On Monday, August 23, 2010, Evan Tuer <[hidden email]> wrote:

> On Mon, Aug 23, 2010 at 5:29 PM, Bill Dube <[hidden email]> wrote:
>
>> I've tried quite a few DC pumps and had each and every one of them
>> fail before I finally took Otmar's sage advice and went the sensible,
>> but seemingly roundabout, route of running an AC pump. It does seem
>> silly to convert from pack voltage, down to 12 volts, then back up to
>> 120 VAC to run a small pump, but it turns out to be the best way to
>> do it with commercially-available, off-the-shelf, inexpensive,
>> reliable parts.
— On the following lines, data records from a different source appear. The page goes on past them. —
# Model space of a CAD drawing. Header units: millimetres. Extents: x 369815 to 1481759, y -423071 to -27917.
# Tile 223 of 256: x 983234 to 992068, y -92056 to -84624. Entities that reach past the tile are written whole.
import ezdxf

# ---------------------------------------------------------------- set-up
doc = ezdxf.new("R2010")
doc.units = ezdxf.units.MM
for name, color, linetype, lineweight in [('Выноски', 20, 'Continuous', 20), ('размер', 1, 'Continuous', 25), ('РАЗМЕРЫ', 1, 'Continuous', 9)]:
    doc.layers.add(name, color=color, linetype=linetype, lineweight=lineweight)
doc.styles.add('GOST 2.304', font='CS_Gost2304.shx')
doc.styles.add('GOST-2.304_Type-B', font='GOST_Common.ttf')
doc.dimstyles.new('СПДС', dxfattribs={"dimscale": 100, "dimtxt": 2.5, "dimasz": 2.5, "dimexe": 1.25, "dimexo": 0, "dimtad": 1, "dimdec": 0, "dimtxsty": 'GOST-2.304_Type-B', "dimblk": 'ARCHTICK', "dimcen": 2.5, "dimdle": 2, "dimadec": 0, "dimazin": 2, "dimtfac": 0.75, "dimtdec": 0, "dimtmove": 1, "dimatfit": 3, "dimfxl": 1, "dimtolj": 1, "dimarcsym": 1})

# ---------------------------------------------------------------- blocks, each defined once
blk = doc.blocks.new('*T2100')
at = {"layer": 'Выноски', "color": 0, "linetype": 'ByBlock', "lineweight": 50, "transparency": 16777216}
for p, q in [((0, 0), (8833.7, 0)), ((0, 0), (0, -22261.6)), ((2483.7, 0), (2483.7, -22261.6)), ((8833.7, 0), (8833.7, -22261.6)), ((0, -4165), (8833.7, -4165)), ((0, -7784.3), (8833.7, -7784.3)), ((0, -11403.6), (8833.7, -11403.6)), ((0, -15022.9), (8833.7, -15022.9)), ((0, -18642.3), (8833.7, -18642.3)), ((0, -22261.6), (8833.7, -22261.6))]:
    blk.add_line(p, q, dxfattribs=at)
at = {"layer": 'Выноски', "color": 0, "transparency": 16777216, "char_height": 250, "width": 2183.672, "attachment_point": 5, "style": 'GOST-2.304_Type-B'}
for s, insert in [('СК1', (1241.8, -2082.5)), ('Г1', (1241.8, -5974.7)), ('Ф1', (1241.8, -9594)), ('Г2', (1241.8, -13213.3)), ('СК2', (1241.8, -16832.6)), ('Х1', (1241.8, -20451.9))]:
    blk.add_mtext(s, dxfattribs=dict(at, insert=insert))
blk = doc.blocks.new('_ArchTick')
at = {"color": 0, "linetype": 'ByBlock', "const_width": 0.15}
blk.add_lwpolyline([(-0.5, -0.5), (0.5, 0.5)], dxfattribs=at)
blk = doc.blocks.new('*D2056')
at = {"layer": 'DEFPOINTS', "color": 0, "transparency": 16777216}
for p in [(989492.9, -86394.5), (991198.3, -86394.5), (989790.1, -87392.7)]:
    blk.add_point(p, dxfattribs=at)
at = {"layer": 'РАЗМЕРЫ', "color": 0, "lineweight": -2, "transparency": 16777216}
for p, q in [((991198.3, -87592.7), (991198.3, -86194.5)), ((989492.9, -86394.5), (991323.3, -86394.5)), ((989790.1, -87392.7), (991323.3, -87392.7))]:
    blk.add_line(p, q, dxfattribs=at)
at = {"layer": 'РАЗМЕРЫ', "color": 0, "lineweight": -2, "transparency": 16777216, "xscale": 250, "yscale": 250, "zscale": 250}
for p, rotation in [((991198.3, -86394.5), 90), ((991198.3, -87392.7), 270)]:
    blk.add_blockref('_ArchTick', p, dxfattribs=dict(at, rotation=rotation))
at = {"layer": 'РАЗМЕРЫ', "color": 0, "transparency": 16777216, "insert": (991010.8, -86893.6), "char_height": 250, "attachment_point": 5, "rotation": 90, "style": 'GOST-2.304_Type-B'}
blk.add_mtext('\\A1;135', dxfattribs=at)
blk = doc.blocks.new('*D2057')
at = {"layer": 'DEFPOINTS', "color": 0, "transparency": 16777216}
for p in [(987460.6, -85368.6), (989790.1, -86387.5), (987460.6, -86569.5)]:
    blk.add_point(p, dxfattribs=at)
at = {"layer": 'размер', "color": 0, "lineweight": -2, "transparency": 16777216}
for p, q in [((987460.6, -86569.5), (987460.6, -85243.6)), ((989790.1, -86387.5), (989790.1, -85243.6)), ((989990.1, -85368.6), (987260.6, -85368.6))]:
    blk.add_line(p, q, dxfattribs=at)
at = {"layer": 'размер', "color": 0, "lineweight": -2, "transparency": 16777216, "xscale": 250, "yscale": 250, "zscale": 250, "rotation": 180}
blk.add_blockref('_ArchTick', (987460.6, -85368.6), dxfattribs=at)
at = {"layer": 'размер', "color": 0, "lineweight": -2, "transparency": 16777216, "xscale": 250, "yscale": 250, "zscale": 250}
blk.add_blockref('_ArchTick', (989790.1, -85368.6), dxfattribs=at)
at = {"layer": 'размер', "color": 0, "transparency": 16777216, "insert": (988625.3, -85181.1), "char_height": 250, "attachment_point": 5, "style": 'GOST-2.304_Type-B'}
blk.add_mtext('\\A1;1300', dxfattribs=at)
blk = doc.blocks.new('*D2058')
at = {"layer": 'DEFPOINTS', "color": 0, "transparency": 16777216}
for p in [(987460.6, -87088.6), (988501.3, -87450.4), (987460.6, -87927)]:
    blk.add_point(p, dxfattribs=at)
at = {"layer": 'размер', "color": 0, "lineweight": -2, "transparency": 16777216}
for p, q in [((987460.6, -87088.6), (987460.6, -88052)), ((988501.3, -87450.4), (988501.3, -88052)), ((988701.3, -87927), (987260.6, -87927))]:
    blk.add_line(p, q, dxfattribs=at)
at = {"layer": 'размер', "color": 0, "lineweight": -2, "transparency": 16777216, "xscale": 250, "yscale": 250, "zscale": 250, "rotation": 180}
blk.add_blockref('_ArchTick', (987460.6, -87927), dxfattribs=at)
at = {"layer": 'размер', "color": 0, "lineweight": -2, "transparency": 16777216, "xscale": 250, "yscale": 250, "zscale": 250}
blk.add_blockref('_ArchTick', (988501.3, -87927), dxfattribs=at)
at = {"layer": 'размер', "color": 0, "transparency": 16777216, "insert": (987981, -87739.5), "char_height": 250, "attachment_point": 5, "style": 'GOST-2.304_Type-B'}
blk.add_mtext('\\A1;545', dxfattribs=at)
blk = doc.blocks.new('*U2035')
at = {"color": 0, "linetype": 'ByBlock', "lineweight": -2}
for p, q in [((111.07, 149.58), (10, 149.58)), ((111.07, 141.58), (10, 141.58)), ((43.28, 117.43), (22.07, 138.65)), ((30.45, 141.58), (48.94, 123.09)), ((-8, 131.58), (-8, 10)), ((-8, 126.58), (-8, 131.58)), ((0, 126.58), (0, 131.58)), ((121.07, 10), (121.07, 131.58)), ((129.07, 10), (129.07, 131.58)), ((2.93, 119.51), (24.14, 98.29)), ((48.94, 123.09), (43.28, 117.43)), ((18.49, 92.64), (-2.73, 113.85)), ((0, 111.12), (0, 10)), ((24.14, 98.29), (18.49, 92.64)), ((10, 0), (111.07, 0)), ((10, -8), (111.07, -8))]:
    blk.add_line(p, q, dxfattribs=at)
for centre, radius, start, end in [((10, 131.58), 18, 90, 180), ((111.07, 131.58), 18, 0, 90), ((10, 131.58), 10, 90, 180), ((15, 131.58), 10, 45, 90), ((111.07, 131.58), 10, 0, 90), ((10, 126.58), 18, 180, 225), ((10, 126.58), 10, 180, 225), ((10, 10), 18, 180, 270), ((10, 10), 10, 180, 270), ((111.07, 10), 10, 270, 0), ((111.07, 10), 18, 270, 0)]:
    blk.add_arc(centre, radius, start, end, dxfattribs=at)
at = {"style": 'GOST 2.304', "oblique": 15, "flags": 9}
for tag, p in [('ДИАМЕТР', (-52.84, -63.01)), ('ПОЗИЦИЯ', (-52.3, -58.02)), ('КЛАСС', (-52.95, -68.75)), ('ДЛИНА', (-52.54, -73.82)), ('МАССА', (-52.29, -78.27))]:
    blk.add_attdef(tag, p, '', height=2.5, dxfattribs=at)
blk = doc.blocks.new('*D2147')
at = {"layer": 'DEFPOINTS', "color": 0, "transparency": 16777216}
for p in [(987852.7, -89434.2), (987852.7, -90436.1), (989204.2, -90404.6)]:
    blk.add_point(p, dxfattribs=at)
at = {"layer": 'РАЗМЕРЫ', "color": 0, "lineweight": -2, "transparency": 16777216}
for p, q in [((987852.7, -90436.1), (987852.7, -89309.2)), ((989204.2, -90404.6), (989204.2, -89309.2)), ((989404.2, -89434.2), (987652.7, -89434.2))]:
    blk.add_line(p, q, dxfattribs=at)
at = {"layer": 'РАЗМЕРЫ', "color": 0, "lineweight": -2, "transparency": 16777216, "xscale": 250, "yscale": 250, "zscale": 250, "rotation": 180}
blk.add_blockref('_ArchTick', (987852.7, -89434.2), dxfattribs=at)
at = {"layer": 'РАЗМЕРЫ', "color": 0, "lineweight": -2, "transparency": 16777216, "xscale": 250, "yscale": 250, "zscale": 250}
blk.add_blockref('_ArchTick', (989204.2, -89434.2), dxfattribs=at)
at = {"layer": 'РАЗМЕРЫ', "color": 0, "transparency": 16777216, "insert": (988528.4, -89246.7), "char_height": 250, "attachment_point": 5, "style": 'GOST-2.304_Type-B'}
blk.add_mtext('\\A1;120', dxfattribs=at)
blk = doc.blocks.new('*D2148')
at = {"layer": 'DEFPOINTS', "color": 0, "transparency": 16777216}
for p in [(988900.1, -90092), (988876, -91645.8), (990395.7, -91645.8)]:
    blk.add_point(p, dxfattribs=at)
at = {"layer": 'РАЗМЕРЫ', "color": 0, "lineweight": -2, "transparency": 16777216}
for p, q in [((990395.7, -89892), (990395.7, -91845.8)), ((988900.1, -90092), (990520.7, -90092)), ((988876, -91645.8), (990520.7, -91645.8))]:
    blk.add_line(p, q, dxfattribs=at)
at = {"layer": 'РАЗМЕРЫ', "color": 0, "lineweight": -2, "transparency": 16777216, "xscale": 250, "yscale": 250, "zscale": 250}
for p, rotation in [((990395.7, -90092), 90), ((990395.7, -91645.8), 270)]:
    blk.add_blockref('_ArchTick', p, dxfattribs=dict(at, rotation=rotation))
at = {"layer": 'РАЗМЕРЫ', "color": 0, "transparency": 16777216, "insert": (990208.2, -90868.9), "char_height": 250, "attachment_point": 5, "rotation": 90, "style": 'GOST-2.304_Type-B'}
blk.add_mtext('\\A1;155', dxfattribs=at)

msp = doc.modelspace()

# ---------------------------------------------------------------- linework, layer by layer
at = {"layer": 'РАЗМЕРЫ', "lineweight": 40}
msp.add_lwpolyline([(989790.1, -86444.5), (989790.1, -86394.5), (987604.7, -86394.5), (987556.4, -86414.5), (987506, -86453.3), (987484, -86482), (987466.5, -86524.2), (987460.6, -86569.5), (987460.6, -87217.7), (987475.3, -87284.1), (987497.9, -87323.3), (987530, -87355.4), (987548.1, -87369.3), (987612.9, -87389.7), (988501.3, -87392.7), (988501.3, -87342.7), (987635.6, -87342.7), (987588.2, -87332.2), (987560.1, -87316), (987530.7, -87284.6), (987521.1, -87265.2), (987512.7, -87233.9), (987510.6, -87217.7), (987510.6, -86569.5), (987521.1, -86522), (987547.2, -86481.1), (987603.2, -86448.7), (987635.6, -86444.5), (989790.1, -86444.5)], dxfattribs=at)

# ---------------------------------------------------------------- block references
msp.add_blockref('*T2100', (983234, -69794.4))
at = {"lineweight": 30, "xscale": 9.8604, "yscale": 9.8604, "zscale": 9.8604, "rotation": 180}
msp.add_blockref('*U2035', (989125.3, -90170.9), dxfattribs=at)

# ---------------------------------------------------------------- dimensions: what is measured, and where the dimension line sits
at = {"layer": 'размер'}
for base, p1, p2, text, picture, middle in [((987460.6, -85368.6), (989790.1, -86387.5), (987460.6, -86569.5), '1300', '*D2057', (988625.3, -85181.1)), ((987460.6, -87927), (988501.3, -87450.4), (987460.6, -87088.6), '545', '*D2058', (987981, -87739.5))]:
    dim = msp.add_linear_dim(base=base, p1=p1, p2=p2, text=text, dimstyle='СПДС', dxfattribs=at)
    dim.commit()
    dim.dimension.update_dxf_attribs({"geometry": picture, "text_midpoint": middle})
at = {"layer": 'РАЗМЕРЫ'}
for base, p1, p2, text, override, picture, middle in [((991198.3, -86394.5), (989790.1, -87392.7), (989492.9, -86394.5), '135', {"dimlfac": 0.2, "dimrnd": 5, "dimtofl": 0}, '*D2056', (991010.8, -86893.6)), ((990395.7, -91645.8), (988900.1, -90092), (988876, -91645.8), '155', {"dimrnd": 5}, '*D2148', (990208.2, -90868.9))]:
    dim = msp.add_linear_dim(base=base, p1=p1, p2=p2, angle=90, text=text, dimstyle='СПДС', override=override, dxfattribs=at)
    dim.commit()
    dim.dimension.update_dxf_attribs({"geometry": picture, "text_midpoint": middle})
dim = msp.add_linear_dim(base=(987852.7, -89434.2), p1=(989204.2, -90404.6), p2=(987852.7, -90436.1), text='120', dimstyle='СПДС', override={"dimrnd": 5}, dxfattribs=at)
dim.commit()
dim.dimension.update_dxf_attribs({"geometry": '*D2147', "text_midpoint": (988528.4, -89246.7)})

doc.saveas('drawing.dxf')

If you were an OEM, then you would never design a
>> mass-produced car this way, but you simply must accept the fact that
>> you are _not_ an OEM. ;-)
>
> If you want to use what the OEMs use, this is a brushless 12V impeller
> pump by (I think) Bosch.  It's the same unit used on high end cars as
> a cabin heater heater circulation pump, and has quite a high flow.
>
> There is a pair of them in my electric Berlingo van which still worked
> fine when I retired it at 86,000 miles, consider that these run all
> the time when charging as well as driving, so had a phenomenal amount
> of hours on them.
>
> _______________________________________________
> | REPLYING: address your message to [hidden email] only.
> | Multiple-address or CCed messages may be rejected.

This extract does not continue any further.